- [Task description]: Search the records for "openshift". Report every line where it occurs.

- [Recorded data]:
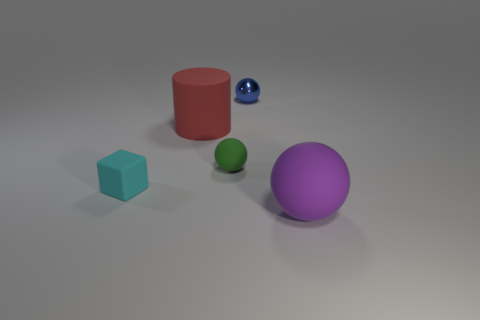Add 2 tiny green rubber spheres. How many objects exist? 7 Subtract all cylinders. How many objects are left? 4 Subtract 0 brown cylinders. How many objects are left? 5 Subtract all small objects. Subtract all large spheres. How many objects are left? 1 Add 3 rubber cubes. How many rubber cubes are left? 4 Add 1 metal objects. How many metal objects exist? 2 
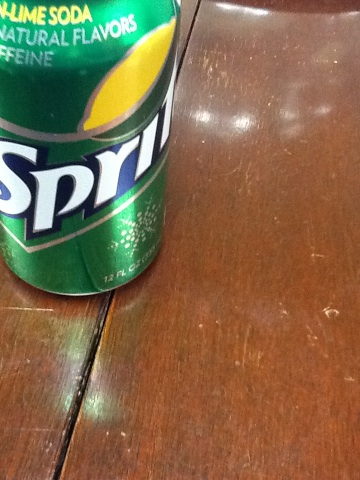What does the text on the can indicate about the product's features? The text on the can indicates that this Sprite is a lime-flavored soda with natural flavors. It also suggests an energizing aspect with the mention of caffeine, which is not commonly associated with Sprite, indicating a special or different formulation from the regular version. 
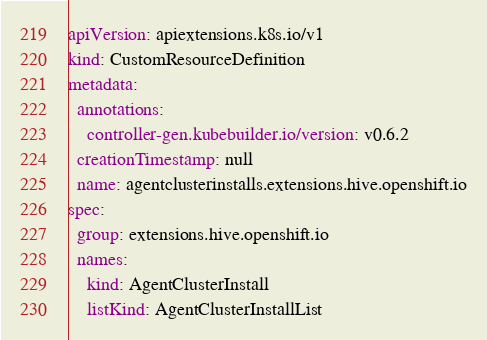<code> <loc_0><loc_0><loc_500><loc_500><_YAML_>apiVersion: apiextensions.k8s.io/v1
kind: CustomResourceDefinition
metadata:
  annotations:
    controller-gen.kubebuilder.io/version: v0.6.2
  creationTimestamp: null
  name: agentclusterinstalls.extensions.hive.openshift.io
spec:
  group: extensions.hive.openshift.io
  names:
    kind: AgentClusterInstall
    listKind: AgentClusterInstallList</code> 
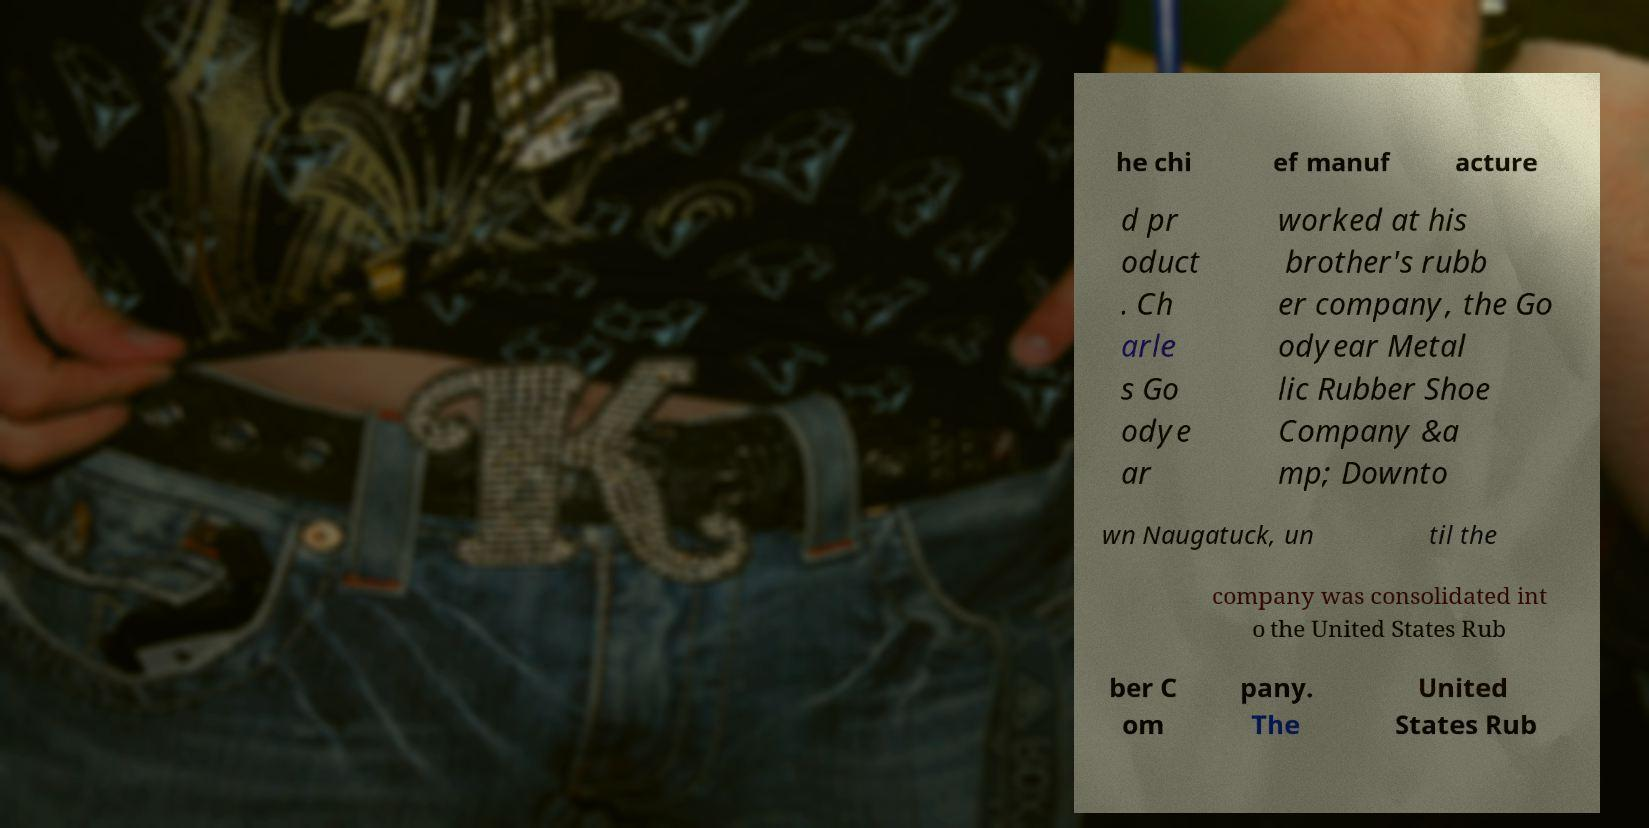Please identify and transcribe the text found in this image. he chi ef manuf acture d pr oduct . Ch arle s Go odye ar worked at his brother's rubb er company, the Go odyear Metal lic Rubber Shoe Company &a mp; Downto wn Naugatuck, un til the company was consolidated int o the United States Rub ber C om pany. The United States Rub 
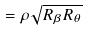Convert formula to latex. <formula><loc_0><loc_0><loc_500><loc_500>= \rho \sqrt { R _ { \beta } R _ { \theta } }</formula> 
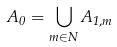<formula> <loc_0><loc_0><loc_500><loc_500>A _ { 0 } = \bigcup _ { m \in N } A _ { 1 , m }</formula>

- [Output of the task]:
  name: agentclusterinstalls.extensions.hive.openshift.io
  group: extensions.hive.openshift.io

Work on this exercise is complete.